From: Stephen J. Turnbull
Subject: Re: [Gnu-arch-users] Re: Utterly painless arch?
Date: Thu, 11 Sep 2003 12:37:43 +0900
User-agent: Gnus/5.1001 (Gnus v5.10.1) XEmacs/21.4 (Portable Code, linux)

>>>>> "John" == John Goerzen <address@hidden> writes:

    John> IOW, they *CAN'T* read the tla docs to find out what to do
    John> here, because it's not covered.

That's why Tom recommended a self-teaching partner app (for Emacs, but
it would work for scripting, too).

    >> They're not complicated, they just require the overhead of
    >> studying docs.

    John> I don't think that's bad.

I agree with you on this, but ... .

    John> To appreciate tla and use it well, you *have* to study the
    John> docs.

This depends on how you define "well", as "with great skill" or "with
great profit".  For example, I'd really like to get my advisees using
version control, even in a one-branch, straight-line fashion so I can
_show_ them (with diff) just how trivial the revisions they are making
are.  One session of abuse and torture should be enough to get most of
them to do the diffs themselves, first.  :-)  That's "well" in the
sense of "with great profit."  But it requires only an arch-newbie
script and "tla commit", no study.  ("Bureaucratic secretary" would
also fit this scenario, as I implied to Tobias.)

On the other hand, I'd really like them to stop using the "three copy"
architecture that word processors have encouraged (write an intro,
copy it into the body, copy it into the conclusion, submit the draft).
But trying different styles requires that they see a profit to doing
so rather than stonewalling (they know from history that there will be
extremely strong pressure on me to accept any paper in the end), so
the cost of working on branches must be made very low, and the cost of
merging from one branch to another must also be low.

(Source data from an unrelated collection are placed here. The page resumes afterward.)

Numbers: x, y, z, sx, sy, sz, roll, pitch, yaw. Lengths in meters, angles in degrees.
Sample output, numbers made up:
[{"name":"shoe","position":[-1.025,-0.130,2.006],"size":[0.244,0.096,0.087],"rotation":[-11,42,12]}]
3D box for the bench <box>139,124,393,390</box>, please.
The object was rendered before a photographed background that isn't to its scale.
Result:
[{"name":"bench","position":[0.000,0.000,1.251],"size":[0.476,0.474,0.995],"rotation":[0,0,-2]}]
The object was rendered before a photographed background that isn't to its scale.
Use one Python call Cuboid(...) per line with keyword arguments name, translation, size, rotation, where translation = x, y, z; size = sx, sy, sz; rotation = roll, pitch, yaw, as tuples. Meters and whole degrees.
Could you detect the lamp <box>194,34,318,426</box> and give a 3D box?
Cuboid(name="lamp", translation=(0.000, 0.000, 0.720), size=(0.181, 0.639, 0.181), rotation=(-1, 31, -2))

In this context you suggest CVS.  It _might_ do, but it has three big
demerits relative to Arch.  The first is that CVS is much worse at
branching.  The second is that it requires somebody to administer the
central repository.  (If there are write controls, surely this
requires admin intervention---a cvs-newbie script couldn't be
self-contained in the same way an arch-newbie script can, and should,
be.)  The third is that security among Japanese students is extremely
lax.[1]  I have to assume that people will have access to each other's
areas, and I don't want to think about whether that can cause problems
repository-wide and certainly want to avoid the security admin
headaches.  With personal repositories, there's no chance such
foolishness can take someone else's repository down.

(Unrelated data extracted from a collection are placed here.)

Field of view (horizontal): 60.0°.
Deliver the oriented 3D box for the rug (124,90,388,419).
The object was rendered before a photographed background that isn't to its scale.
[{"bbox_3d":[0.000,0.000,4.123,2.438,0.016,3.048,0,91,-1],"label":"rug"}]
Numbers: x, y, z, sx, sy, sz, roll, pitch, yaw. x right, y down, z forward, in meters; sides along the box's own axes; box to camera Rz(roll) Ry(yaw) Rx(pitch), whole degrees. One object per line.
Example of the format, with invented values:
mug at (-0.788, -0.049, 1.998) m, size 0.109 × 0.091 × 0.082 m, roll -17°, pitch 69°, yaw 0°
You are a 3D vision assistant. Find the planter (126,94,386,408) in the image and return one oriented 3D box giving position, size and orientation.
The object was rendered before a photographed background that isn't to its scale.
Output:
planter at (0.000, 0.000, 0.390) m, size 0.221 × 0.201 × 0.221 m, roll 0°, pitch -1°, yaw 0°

There's a fourth possible merit to Arch, which is the ease of sharing
in the "if you like it, pull address@hidden/c-b-v-p-NN" style of interchange
which is acutely visible on all the arch channels.  That depends on
whether my students are doing closely related topics and doing a lot
of computation or not (papers must be original, programs may be shared
according to departmental standards), so I don't know whether it will
be meaningful in the long run.

Of course this last does absolutely require them to "appreciate tla
and use it well" (== skillfully), but they could (I'd hope) "grow
into" that appreciation.[2]

So I'm of two minds.  Basically, I'm an elitist bastard by temperament
(cf. http://turnbull.sk.tsukuba.ac.jp/Tools/Attitude/elitism.html),
but in practice _wide diffusion_ of certain tools is often far more
beneficial than the damage caused by even widespread less-than-elite
use of those tools can offset.


Footnotes: 
[1]  Many of those I've asked have given their administrative password
(which allows them to access grades and request transcripts) to
someone else, and most have given their file share password to someone
else (it's the foolproof way to create an audit trail faking execution
of homework programs; I have no idea how many faculty are fooled...).

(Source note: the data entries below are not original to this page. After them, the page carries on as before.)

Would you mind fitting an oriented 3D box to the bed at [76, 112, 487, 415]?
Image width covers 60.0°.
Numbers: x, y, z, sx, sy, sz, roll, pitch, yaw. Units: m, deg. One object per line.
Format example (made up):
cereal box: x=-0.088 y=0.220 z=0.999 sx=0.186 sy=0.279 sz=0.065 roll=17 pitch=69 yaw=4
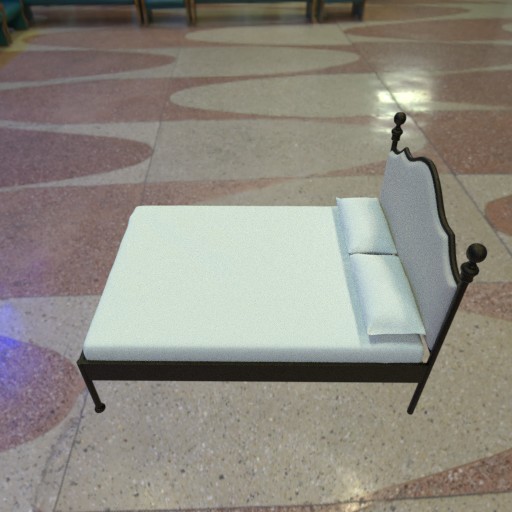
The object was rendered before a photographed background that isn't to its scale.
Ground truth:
bed: x=0.000 y=0.000 z=3.175 sx=2.224 sy=1.499 sz=1.642 roll=0 pitch=41 yaw=0

[2]  However, I can imagine that protocol being formalized, so that a
script or GUI implementing it as a standard could be written.

-- 
Institute of Policy and Planning Sciences     http://turnbull.sk.tsukuba.ac.jp
University of Tsukuba                    Tennodai 1-1-1 Tsukuba 305-8573 JAPAN
               Ask not how you can "do" free software business;
              ask what your business can "do for" free software.